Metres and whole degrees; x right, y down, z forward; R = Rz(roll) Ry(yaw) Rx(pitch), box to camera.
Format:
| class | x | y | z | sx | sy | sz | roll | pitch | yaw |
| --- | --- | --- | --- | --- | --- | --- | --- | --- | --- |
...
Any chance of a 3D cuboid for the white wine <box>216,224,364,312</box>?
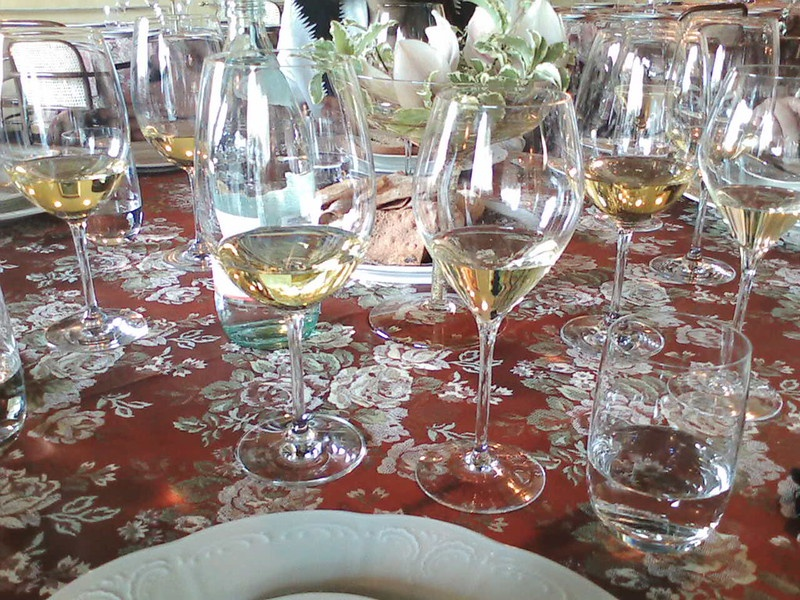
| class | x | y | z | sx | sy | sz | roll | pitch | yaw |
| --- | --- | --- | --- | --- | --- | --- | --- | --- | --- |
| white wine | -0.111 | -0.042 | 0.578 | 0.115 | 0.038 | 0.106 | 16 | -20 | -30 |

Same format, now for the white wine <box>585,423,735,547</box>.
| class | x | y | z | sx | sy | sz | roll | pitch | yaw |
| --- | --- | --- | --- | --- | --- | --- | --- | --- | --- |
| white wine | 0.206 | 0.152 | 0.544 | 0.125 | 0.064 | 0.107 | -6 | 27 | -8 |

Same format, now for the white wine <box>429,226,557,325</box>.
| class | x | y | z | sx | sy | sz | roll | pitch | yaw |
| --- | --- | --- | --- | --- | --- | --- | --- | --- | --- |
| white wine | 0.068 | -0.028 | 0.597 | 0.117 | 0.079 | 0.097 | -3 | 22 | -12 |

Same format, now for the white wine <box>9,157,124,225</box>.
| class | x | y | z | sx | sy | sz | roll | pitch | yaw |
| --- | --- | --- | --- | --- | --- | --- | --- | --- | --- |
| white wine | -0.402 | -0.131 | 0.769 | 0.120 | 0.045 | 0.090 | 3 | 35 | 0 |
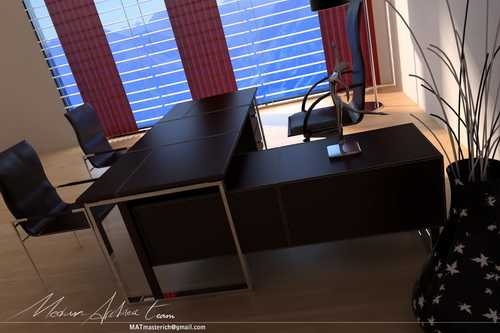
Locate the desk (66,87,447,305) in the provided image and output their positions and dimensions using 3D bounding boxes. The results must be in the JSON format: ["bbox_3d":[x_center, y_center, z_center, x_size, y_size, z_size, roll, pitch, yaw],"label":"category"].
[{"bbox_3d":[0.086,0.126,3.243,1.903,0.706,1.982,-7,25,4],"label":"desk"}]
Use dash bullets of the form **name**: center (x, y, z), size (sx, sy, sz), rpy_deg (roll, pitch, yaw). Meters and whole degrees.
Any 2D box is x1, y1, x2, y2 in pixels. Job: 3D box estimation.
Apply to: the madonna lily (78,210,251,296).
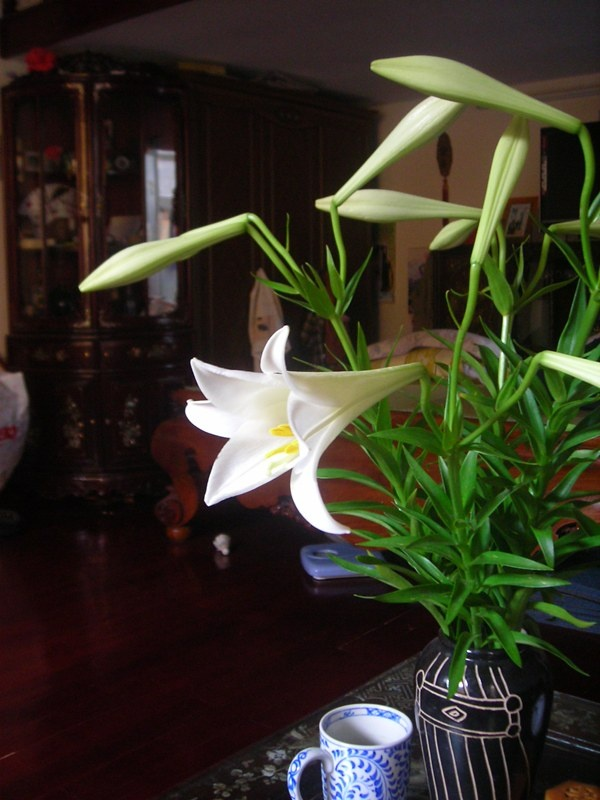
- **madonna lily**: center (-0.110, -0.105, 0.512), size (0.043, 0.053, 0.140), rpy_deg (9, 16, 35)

**Requirement**
Wherever a line above contains the string "degrees", copy that line.

**Solution for this exercise**
Metres and whole degrees; x right, y down, z forward; R = Rz(roll) Ry(yaw) Rx(pitch), box to camera.
Use dash bullets of the form **name**: center (x, y, z), size (sx, sy, sz), rpy_deg (roll, pitch, yaw). Meters and whole degrees.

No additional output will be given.